For example, the subsystems corresponding to the field controllers
110a and 110b may be coupled to the field panel 108a to form the
FLN 124a. The FLNs 124 may each comprise a low-level data network
that may employ any suitable proprietary or open protocol.
[0030] Each field device 112 may be configured to measure, monitor
and/or control various parameters of the building automation system
100. Examples of field devices 112 include lights, thermostats,
temperature sensors, fans, damper actuators, heaters, chillers,
alarms, HVAC devices, and numerous other types of field devices.
The field devices 112 may be capable of receiving control signals
from and/or sending signals to the field controllers 110, the field
panels 108 and/or the site controller 102 of the building
automation system 100. Accordingly, the building automation system
100 is able to control various aspects of building operation by
controlling and monitoring the field devices 112.

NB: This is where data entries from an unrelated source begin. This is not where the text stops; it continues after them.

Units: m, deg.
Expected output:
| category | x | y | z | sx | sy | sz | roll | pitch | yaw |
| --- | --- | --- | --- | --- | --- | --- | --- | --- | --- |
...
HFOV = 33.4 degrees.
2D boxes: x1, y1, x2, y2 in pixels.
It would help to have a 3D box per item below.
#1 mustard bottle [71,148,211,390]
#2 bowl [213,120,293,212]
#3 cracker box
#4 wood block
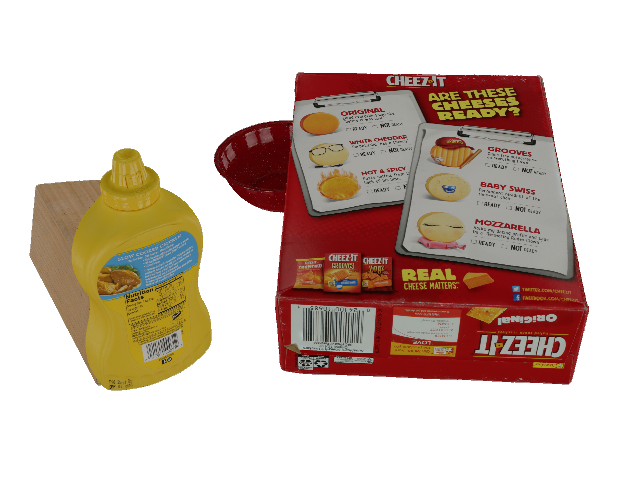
| category | x | y | z | sx | sy | sz | roll | pitch | yaw |
| --- | --- | --- | --- | --- | --- | --- | --- | --- | --- |
| mustard bottle | -0.131 | 0.018 | 0.778 | 0.096 | 0.192 | 0.058 | -21 | 43 | -25 |
| bowl | -0.045 | -0.081 | 1.272 | 0.162 | 0.055 | 0.162 | -2 | 36 | 1 |
| cracker box | 0.061 | -0.015 | 0.644 | 0.164 | 0.072 | 0.213 | 1 | 42 | 2 |
| wood block | -0.204 | 0.033 | 1.025 | 0.090 | 0.091 | 0.206 | -6 | 36 | -31 |

[0031] As illustrated in FIG. 1, any of the field panels 108, such
as the field panel 108a, may be directly coupled to one or more
field devices 112, such as the field devices 112c and 112d. For
this type of embodiment, the field panel 108a may be configured to
provide direct control of the field devices 112c and 112d instead
of control via one of the field controllers 110a or 110b.
Therefore, for this embodiment, the functions of a field controller
110 for one or more particular subsystems may be provided by a
field panel 108 without the need for a field controller 110.
[0032] FIG. 2 illustrates details of one of the field panels 108 in
accordance with the present disclosure. For this particular
embodiment, the field panel 108 comprises a processor 202, a memory
204, an input/output (I/O) module 206, a communication module 208,
a user interface 210 and a power module 212. The memory 204
comprises any suitable data store capable of storing data, such as
instructions 220 and a database 222. It will be understood that the
field panel 108 may be implemented in any other suitable manner
without departing from the scope of this disclosure.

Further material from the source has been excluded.